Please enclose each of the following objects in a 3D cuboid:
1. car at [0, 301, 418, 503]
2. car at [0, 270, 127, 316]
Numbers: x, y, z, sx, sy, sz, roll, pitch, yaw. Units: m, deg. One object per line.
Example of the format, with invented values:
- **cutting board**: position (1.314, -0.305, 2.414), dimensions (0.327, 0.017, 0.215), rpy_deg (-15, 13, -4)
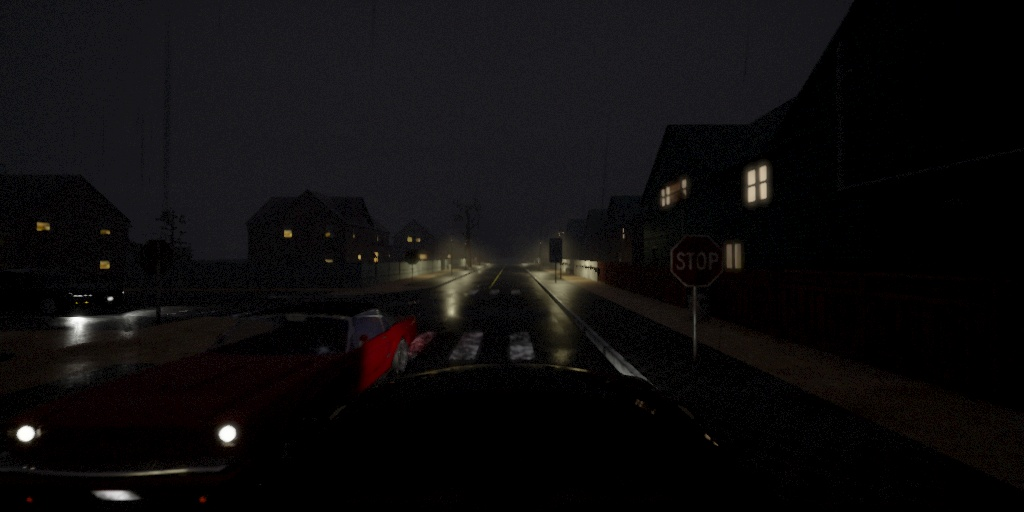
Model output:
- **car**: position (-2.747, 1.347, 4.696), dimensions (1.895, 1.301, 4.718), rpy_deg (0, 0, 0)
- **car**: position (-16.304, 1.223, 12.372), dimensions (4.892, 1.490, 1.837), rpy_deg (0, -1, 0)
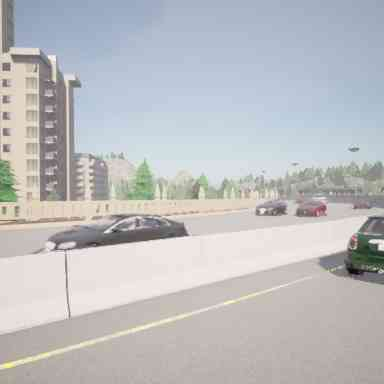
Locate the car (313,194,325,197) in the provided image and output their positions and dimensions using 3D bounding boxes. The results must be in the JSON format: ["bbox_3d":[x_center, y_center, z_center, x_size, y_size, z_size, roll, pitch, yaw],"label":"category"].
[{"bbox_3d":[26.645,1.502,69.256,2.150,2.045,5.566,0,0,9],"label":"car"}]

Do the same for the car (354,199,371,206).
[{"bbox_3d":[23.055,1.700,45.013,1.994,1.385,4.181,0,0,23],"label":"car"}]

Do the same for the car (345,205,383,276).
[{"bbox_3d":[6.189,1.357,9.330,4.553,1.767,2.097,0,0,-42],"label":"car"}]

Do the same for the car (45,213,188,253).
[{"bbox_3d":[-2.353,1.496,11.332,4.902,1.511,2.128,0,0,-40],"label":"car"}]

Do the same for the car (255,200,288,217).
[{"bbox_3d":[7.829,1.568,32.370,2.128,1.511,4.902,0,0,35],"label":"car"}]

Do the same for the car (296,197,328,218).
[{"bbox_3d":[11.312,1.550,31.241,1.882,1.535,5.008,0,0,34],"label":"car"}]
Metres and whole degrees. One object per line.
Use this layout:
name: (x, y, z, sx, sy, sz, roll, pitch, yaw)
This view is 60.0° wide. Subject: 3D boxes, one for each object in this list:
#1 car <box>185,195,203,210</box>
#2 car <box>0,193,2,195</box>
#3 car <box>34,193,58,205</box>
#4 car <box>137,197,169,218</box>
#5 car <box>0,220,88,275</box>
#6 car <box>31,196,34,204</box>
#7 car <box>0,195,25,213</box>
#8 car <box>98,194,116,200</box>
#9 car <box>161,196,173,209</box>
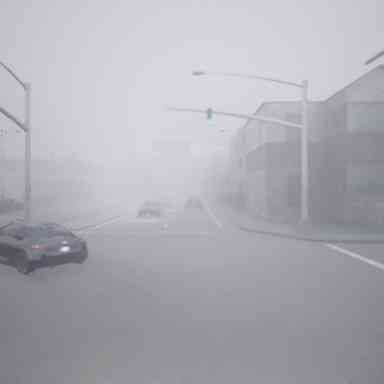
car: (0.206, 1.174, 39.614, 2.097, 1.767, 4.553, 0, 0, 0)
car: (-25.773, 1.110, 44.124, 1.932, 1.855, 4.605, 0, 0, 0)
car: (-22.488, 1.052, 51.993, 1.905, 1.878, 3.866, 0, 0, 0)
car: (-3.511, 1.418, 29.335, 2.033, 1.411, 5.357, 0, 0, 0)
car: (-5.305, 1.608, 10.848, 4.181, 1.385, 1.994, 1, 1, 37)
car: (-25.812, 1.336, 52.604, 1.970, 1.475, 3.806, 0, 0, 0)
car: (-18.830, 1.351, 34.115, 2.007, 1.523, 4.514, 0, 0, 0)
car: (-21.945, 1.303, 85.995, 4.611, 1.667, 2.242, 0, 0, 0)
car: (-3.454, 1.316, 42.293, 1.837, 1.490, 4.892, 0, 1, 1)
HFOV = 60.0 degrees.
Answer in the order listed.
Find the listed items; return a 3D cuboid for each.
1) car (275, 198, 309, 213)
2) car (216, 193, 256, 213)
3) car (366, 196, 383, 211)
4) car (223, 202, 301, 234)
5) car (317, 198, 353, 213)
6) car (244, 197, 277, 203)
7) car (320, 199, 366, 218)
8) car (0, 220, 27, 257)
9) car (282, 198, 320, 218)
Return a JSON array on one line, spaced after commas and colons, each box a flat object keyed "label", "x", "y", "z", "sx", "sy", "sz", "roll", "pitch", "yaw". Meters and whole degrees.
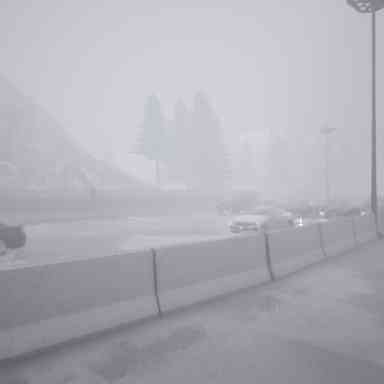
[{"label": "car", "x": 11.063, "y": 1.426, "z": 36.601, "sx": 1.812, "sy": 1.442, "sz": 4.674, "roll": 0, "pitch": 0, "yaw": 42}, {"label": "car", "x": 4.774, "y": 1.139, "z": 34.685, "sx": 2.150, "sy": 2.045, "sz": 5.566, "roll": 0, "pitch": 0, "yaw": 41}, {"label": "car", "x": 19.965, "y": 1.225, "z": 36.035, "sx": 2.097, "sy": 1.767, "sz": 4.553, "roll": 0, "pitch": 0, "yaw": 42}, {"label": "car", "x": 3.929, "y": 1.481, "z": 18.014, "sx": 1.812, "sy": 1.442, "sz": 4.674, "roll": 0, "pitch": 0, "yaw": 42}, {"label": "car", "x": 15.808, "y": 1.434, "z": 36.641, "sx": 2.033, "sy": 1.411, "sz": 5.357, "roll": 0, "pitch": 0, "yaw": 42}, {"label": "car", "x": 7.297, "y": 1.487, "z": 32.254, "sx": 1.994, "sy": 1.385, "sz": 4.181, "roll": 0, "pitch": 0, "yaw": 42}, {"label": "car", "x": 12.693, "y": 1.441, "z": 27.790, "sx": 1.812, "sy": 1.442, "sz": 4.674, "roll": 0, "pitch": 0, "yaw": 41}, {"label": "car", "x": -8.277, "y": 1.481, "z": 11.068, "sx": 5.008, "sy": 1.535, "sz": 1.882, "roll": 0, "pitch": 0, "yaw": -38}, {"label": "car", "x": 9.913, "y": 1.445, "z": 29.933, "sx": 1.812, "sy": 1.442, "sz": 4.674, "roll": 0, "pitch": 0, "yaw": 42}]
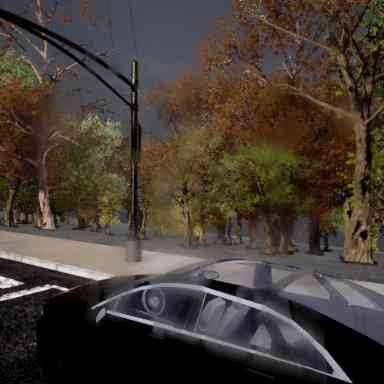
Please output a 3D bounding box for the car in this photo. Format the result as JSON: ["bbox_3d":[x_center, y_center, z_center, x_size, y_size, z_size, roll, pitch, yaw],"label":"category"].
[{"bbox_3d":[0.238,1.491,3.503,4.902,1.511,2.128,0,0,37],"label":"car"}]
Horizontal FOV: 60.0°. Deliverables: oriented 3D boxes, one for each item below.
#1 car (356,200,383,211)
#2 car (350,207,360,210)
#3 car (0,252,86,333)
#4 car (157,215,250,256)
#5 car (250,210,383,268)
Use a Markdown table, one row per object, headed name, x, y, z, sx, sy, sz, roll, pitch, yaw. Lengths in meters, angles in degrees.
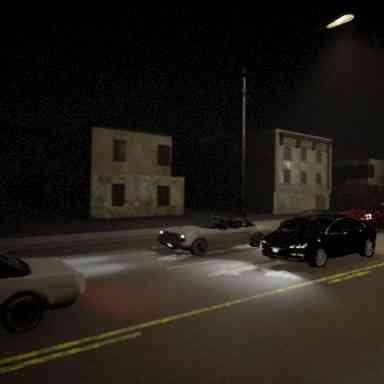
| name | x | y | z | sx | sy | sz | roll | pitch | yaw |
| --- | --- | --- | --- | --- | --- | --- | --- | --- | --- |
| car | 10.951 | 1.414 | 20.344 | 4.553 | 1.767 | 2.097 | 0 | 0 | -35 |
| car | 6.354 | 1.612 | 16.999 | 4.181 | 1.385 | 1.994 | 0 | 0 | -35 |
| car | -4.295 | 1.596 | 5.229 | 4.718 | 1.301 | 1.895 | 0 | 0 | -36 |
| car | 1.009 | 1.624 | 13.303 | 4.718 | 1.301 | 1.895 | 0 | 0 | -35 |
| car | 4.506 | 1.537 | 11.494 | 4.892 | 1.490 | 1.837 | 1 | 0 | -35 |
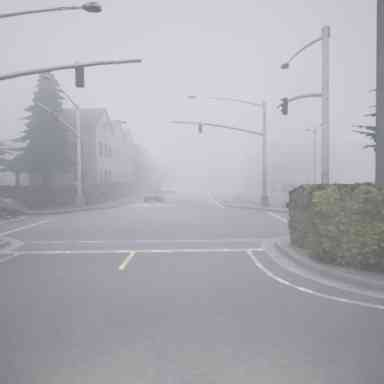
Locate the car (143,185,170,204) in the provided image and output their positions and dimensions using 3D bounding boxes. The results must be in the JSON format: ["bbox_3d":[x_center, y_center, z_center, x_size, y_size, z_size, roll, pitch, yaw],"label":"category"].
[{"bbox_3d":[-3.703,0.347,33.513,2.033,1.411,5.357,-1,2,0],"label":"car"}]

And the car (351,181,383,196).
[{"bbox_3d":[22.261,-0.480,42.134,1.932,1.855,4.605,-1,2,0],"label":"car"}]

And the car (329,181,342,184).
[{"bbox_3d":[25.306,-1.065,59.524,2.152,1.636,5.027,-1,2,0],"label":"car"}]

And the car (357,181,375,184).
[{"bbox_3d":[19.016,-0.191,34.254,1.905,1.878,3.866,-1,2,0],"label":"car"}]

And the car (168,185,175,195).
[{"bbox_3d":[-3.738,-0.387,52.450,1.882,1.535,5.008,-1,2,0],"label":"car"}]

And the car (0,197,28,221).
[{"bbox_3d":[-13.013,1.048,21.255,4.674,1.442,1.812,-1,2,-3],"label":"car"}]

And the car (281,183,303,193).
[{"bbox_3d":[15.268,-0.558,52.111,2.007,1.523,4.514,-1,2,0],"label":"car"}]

----------------------------------------

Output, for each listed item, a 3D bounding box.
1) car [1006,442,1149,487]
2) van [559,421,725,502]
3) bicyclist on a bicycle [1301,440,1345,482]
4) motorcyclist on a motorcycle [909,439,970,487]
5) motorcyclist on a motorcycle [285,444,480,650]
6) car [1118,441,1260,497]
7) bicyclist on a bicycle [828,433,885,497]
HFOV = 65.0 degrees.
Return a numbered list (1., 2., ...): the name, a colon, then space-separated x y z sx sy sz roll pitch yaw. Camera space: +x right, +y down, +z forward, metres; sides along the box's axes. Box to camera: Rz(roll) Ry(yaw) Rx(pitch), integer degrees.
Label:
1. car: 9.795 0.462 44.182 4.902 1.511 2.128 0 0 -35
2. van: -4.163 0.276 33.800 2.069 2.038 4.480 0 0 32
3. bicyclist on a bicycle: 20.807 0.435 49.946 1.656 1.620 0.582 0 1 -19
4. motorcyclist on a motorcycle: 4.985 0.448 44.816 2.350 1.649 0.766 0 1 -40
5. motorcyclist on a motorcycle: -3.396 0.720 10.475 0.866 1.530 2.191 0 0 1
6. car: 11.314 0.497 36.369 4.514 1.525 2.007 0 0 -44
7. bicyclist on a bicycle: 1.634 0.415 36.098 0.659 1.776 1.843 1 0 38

----------------------------------------

*What you have to do*
Produce a word-for-word copy of everything above from the line holding "Please enclose each" down to the line holding "Example of the", with both of those lines kept.

*Solution for this task*
Please enclose each of the following objects in a 3D cuboid:
1. car at [0, 301, 418, 503]
2. car at [0, 270, 127, 316]
Numbers: x, y, z, sx, sy, sz, roll, pitch, yaw. Units: m, deg. One object per line.
Example of the format, with invented values:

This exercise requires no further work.